When I discovered I had herpes, I found the bottom of the low. Each of us has a wide range of emotions, and I actually plunked down smack dab on my rear at the darkest point of my mind, and was filled with incredible earth shattering despair. I truly thought my life was over and that I was dirty and no one could possibly ever love me or want me again (interesting how so much of having herpes is a MENTAL state). And I screamed. I cried. The pain was excruciating physically, but my mind and heart were in an even worse state. I was up all night and finally fell asleep out of sheer exhaustion.

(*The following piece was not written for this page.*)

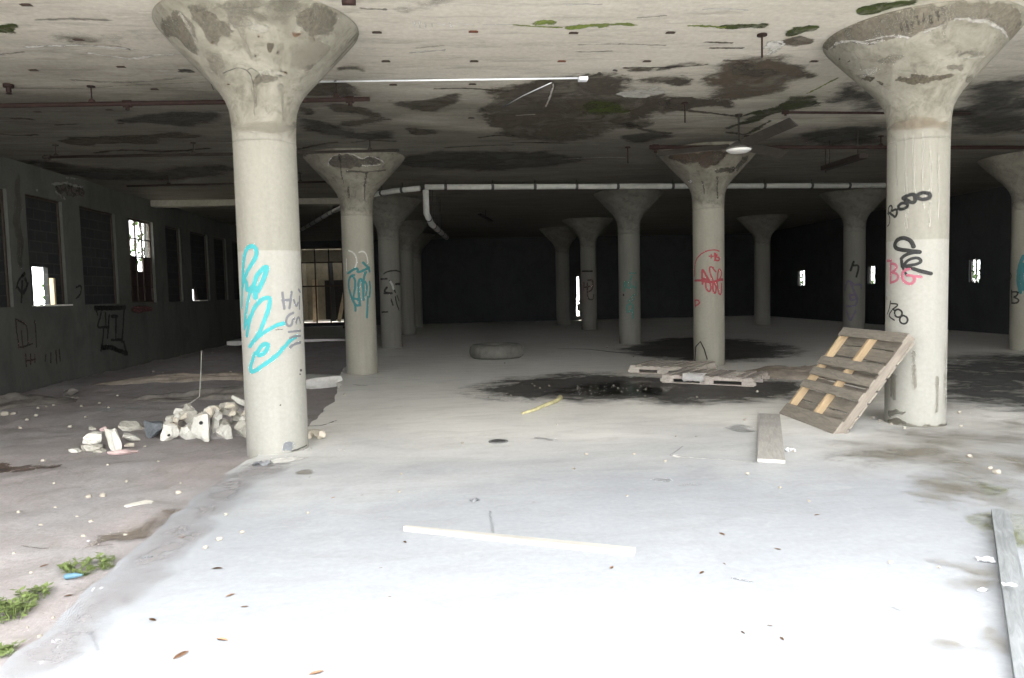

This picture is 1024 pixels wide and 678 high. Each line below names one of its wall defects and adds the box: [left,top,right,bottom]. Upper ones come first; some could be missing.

When I woke again a few hours later, my eyes were swollen nearly shut, and I could barely feel my hands from the stress. I got up, opened the window, blew my nose, then breathed in the icy winter air deeply and exhaled it slowly. And then a surprising thing happened. I breathed in again and out again. I was alive. Not only was I alive but I was taking pleasure in breathing, actually enjoying the fresh crisp air in my lungs. And I realized that if I could take pleasure in this, then there must be a thousand other things I had previously taken for granted that I would find unexpected joy in. And that I had reached the bottom the night before - knowing where the bottom is has given me perspective, and also a solid foundation to start building again, on wards and upwards.

 

Herpes has taught me:

 

-To give others the benefit of the doubt always. To be more patient.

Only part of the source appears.